Collected data entries:
--- START ---

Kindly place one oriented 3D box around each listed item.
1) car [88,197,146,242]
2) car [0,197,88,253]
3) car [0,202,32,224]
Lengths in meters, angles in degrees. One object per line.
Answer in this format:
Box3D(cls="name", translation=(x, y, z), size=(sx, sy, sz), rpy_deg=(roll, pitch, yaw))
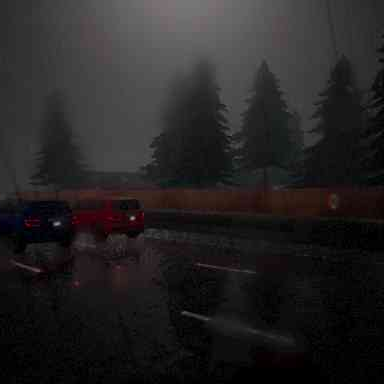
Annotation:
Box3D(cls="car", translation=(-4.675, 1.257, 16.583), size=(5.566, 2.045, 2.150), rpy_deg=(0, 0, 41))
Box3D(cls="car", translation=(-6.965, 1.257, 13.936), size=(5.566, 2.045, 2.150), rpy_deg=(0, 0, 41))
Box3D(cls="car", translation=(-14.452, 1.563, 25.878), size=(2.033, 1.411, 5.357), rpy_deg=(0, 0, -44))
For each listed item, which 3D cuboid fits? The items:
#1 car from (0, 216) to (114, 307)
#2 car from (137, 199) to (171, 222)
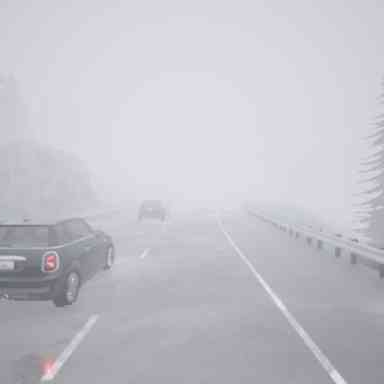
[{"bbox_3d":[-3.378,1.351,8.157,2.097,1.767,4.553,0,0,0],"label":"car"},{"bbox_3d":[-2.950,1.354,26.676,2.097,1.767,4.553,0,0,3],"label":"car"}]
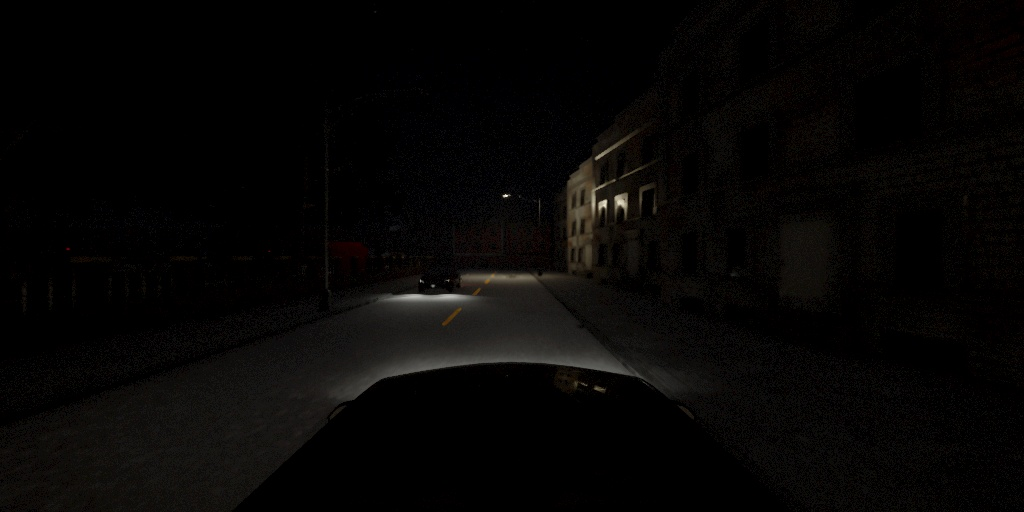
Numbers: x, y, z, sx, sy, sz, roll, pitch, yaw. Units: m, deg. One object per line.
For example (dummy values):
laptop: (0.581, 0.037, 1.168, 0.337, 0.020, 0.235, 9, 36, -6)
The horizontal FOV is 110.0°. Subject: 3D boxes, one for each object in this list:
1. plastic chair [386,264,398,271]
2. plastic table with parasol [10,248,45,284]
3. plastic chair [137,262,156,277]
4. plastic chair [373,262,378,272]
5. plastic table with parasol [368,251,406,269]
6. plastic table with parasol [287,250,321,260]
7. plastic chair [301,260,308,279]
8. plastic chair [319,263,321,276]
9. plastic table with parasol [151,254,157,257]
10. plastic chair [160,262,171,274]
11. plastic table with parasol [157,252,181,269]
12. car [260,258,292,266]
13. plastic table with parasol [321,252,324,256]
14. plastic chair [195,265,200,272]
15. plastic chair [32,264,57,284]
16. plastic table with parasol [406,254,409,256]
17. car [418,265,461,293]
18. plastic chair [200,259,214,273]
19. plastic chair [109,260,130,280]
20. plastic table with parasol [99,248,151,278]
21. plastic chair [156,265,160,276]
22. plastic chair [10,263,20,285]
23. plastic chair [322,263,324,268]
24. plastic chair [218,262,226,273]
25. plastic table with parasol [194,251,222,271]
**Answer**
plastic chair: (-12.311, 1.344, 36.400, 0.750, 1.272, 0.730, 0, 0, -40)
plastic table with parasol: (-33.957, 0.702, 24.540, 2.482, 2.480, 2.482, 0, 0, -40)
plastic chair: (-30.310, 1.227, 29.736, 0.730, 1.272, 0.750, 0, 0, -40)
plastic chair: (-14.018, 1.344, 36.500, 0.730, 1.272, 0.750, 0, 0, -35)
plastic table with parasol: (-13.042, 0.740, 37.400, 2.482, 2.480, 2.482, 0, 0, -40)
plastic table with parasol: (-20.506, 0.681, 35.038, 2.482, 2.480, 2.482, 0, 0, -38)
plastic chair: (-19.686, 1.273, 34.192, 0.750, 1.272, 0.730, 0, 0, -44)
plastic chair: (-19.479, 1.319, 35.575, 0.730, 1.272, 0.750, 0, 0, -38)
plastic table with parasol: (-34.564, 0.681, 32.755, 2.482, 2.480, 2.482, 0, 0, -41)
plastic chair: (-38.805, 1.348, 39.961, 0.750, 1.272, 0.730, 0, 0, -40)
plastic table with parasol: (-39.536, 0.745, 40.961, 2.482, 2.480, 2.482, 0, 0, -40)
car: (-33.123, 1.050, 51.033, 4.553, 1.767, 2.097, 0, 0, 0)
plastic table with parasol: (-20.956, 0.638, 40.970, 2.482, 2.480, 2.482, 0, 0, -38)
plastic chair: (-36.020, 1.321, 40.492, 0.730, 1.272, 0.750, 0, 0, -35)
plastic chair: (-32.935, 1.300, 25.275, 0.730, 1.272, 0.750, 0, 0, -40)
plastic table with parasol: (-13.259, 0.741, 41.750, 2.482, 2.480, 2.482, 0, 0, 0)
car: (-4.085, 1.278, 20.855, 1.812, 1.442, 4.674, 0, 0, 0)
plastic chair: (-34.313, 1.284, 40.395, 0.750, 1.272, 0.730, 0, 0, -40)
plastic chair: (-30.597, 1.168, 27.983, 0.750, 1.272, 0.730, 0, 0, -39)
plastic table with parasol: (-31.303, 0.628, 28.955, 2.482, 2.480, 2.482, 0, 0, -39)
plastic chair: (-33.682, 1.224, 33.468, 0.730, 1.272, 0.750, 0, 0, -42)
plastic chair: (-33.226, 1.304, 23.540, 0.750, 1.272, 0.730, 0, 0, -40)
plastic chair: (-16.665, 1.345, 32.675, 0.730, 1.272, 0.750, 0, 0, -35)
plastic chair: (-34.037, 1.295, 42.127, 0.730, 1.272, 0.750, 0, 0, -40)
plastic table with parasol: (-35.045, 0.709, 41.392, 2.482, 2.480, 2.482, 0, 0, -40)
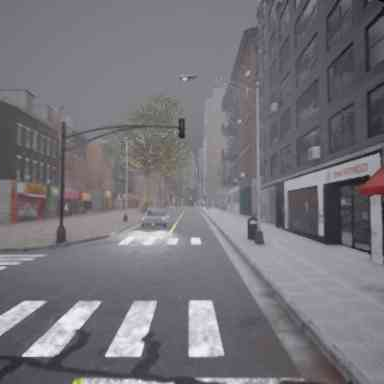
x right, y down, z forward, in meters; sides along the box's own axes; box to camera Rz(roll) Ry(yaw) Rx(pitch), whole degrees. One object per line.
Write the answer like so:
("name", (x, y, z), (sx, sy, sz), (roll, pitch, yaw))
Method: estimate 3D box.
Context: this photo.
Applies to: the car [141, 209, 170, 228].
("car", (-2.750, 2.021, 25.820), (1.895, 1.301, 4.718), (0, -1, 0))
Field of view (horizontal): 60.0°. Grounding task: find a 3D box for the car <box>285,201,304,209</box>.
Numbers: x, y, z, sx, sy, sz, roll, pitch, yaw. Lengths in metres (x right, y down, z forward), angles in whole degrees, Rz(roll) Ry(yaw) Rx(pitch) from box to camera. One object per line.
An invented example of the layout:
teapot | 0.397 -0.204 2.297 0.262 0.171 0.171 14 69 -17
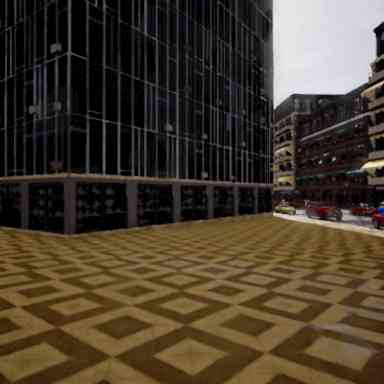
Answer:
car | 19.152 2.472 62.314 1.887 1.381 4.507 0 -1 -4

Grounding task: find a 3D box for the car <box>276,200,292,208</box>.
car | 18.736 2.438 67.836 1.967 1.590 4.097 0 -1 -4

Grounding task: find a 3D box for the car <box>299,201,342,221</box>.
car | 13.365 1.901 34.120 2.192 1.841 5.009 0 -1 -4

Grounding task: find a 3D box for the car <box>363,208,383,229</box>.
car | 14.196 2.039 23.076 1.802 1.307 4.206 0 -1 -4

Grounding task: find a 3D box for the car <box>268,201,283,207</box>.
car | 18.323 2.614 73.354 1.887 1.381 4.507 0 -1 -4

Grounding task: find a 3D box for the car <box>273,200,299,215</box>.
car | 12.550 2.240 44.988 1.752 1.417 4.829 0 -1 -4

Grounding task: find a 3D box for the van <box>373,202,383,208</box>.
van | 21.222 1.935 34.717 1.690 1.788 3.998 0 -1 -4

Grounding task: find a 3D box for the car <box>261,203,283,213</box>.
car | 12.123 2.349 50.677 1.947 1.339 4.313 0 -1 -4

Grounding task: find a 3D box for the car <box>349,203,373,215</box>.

--- END ---

● What you are asked to do: Could you output all of the entries above exactly? Leave the pictures out.

● Exercise answer:
Kindly place one oriented 3D box around each listed item.
1) car [88,197,146,242]
2) car [0,197,88,253]
3) car [0,202,32,224]
Lengths in meters, angles in degrees. One object per line.
Answer in this format:
Box3D(cls="name", translation=(x, y, z), size=(sx, sy, sz), rpy_deg=(roll, pitch, yaw))
Annotation:
Box3D(cls="car", translation=(-4.675, 1.257, 16.583), size=(5.566, 2.045, 2.150), rpy_deg=(0, 0, 41))
Box3D(cls="car", translation=(-6.965, 1.257, 13.936), size=(5.566, 2.045, 2.150), rpy_deg=(0, 0, 41))
Box3D(cls="car", translation=(-14.452, 1.563, 25.878), size=(2.033, 1.411, 5.357), rpy_deg=(0, 0, -44))
For each listed item, which 3D cuboid fits? The items:
#1 car from (0, 216) to (114, 307)
#2 car from (137, 199) to (171, 222)
[{"bbox_3d":[-3.378,1.351,8.157,2.097,1.767,4.553,0,0,0],"label":"car"},{"bbox_3d":[-2.950,1.354,26.676,2.097,1.767,4.553,0,0,3],"label":"car"}]
Numbers: x, y, z, sx, sy, sz, roll, pitch, yaw. Units: m, deg. One object per line.
For example (dummy values):
laptop: (0.581, 0.037, 1.168, 0.337, 0.020, 0.235, 9, 36, -6)
The horizontal FOV is 110.0°. Subject: 3D boxes, one for each object in this list:
1. plastic chair [386,264,398,271]
2. plastic table with parasol [10,248,45,284]
3. plastic chair [137,262,156,277]
4. plastic chair [373,262,378,272]
5. plastic table with parasol [368,251,406,269]
6. plastic table with parasol [287,250,321,260]
7. plastic chair [301,260,308,279]
8. plastic chair [319,263,321,276]
9. plastic table with parasol [151,254,157,257]
10. plastic chair [160,262,171,274]
11. plastic table with parasol [157,252,181,269]
12. car [260,258,292,266]
13. plastic table with parasol [321,252,324,256]
14. plastic chair [195,265,200,272]
15. plastic chair [32,264,57,284]
16. plastic table with parasol [406,254,409,256]
17. car [418,265,461,293]
18. plastic chair [200,259,214,273]
19. plastic chair [109,260,130,280]
20. plastic table with parasol [99,248,151,278]
21. plastic chair [156,265,160,276]
22. plastic chair [10,263,20,285]
23. plastic chair [322,263,324,268]
24. plastic chair [218,262,226,273]
25. plastic table with parasol [194,251,222,271]
**Answer**
plastic chair: (-12.311, 1.344, 36.400, 0.750, 1.272, 0.730, 0, 0, -40)
plastic table with parasol: (-33.957, 0.702, 24.540, 2.482, 2.480, 2.482, 0, 0, -40)
plastic chair: (-30.310, 1.227, 29.736, 0.730, 1.272, 0.750, 0, 0, -40)
plastic chair: (-14.018, 1.344, 36.500, 0.730, 1.272, 0.750, 0, 0, -35)
plastic table with parasol: (-13.042, 0.740, 37.400, 2.482, 2.480, 2.482, 0, 0, -40)
plastic table with parasol: (-20.506, 0.681, 35.038, 2.482, 2.480, 2.482, 0, 0, -38)
plastic chair: (-19.686, 1.273, 34.192, 0.750, 1.272, 0.730, 0, 0, -44)
plastic chair: (-19.479, 1.319, 35.575, 0.730, 1.272, 0.750, 0, 0, -38)
plastic table with parasol: (-34.564, 0.681, 32.755, 2.482, 2.480, 2.482, 0, 0, -41)
plastic chair: (-38.805, 1.348, 39.961, 0.750, 1.272, 0.730, 0, 0, -40)
plastic table with parasol: (-39.536, 0.745, 40.961, 2.482, 2.480, 2.482, 0, 0, -40)
car: (-33.123, 1.050, 51.033, 4.553, 1.767, 2.097, 0, 0, 0)
plastic table with parasol: (-20.956, 0.638, 40.970, 2.482, 2.480, 2.482, 0, 0, -38)
plastic chair: (-36.020, 1.321, 40.492, 0.730, 1.272, 0.750, 0, 0, -35)
plastic chair: (-32.935, 1.300, 25.275, 0.730, 1.272, 0.750, 0, 0, -40)
plastic table with parasol: (-13.259, 0.741, 41.750, 2.482, 2.480, 2.482, 0, 0, 0)
car: (-4.085, 1.278, 20.855, 1.812, 1.442, 4.674, 0, 0, 0)
plastic chair: (-34.313, 1.284, 40.395, 0.750, 1.272, 0.730, 0, 0, -40)
plastic chair: (-30.597, 1.168, 27.983, 0.750, 1.272, 0.730, 0, 0, -39)
plastic table with parasol: (-31.303, 0.628, 28.955, 2.482, 2.480, 2.482, 0, 0, -39)
plastic chair: (-33.682, 1.224, 33.468, 0.730, 1.272, 0.750, 0, 0, -42)
plastic chair: (-33.226, 1.304, 23.540, 0.750, 1.272, 0.730, 0, 0, -40)
plastic chair: (-16.665, 1.345, 32.675, 0.730, 1.272, 0.750, 0, 0, -35)
plastic chair: (-34.037, 1.295, 42.127, 0.730, 1.272, 0.750, 0, 0, -40)
plastic table with parasol: (-35.045, 0.709, 41.392, 2.482, 2.480, 2.482, 0, 0, -40)
x right, y down, z forward, in meters; sides along the box's own axes; box to camera Rz(roll) Ry(yaw) Rx(pitch), whole degrees. One object per line.
Write the answer like so:
("name", (x, y, z), (sx, sy, sz), (roll, pitch, yaw))
Method: estimate 3D box.
Context: this photo.
Applies to: the car [141, 209, 170, 228].
("car", (-2.750, 2.021, 25.820), (1.895, 1.301, 4.718), (0, -1, 0))
Field of view (horizontal): 60.0°. Grounding task: find a 3D box for the car <box>285,201,304,209</box>.
Numbers: x, y, z, sx, sy, sz, roll, pitch, yaw. Lengths in metres (x right, y down, z forward), angles in whole degrees, Rz(roll) Ry(yaw) Rx(pitch) from box to camera. One object per line.
An invented example of the layout:
teapot | 0.397 -0.204 2.297 0.262 0.171 0.171 14 69 -17
Answer:
car | 19.152 2.472 62.314 1.887 1.381 4.507 0 -1 -4

Grounding task: find a 3D box for the car <box>276,200,292,208</box>.
car | 18.736 2.438 67.836 1.967 1.590 4.097 0 -1 -4

Grounding task: find a 3D box for the car <box>299,201,342,221</box>.
car | 13.365 1.901 34.120 2.192 1.841 5.009 0 -1 -4

Grounding task: find a 3D box for the car <box>363,208,383,229</box>.
car | 14.196 2.039 23.076 1.802 1.307 4.206 0 -1 -4

Grounding task: find a 3D box for the car <box>268,201,283,207</box>.
car | 18.323 2.614 73.354 1.887 1.381 4.507 0 -1 -4

Grounding task: find a 3D box for the car <box>273,200,299,215</box>.
car | 12.550 2.240 44.988 1.752 1.417 4.829 0 -1 -4

Grounding task: find a 3D box for the van <box>373,202,383,208</box>.
van | 21.222 1.935 34.717 1.690 1.788 3.998 0 -1 -4

Grounding task: find a 3D box for the car <box>261,203,283,213</box>.
car | 12.123 2.349 50.677 1.947 1.339 4.313 0 -1 -4

Grounding task: find a 3D box for the car <box>349,203,373,215</box>.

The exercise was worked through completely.